> _Stored records_:
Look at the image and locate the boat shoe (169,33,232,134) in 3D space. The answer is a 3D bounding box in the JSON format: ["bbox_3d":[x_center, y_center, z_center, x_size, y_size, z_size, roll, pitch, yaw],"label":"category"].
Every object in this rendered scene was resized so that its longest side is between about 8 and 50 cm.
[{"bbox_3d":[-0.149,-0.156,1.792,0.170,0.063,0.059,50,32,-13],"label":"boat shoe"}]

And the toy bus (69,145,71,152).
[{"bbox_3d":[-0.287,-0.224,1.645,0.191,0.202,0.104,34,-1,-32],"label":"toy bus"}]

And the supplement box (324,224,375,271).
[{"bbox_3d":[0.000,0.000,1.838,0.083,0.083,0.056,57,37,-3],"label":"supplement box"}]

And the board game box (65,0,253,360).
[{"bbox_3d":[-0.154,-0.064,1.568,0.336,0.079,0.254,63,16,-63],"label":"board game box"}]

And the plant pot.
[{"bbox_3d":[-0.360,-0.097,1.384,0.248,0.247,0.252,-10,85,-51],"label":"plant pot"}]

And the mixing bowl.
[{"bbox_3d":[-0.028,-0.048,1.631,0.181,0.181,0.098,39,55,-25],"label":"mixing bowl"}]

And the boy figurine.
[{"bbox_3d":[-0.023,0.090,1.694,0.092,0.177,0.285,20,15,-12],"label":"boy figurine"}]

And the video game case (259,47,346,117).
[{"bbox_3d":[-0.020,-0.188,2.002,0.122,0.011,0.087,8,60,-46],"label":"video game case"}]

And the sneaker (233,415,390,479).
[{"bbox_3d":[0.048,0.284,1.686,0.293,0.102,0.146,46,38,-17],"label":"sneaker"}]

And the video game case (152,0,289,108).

> _Exercise details_:
Retype all the records, matching them exactly.

> _Response to this task_:
Look at the image and locate the boat shoe (169,33,232,134) in 3D space. The answer is a 3D bounding box in the JSON format: ["bbox_3d":[x_center, y_center, z_center, x_size, y_size, z_size, roll, pitch, yaw],"label":"category"].
Every object in this rendered scene was resized so that its longest side is between about 8 and 50 cm.
[{"bbox_3d":[-0.149,-0.156,1.792,0.170,0.063,0.059,50,32,-13],"label":"boat shoe"}]

And the toy bus (69,145,71,152).
[{"bbox_3d":[-0.287,-0.224,1.645,0.191,0.202,0.104,34,-1,-32],"label":"toy bus"}]

And the supplement box (324,224,375,271).
[{"bbox_3d":[0.000,0.000,1.838,0.083,0.083,0.056,57,37,-3],"label":"supplement box"}]

And the board game box (65,0,253,360).
[{"bbox_3d":[-0.154,-0.064,1.568,0.336,0.079,0.254,63,16,-63],"label":"board game box"}]

And the plant pot.
[{"bbox_3d":[-0.360,-0.097,1.384,0.248,0.247,0.252,-10,85,-51],"label":"plant pot"}]

And the mixing bowl.
[{"bbox_3d":[-0.028,-0.048,1.631,0.181,0.181,0.098,39,55,-25],"label":"mixing bowl"}]

And the boy figurine.
[{"bbox_3d":[-0.023,0.090,1.694,0.092,0.177,0.285,20,15,-12],"label":"boy figurine"}]

And the video game case (259,47,346,117).
[{"bbox_3d":[-0.020,-0.188,2.002,0.122,0.011,0.087,8,60,-46],"label":"video game case"}]

And the sneaker (233,415,390,479).
[{"bbox_3d":[0.048,0.284,1.686,0.293,0.102,0.146,46,38,-17],"label":"sneaker"}]

And the video game case (152,0,289,108).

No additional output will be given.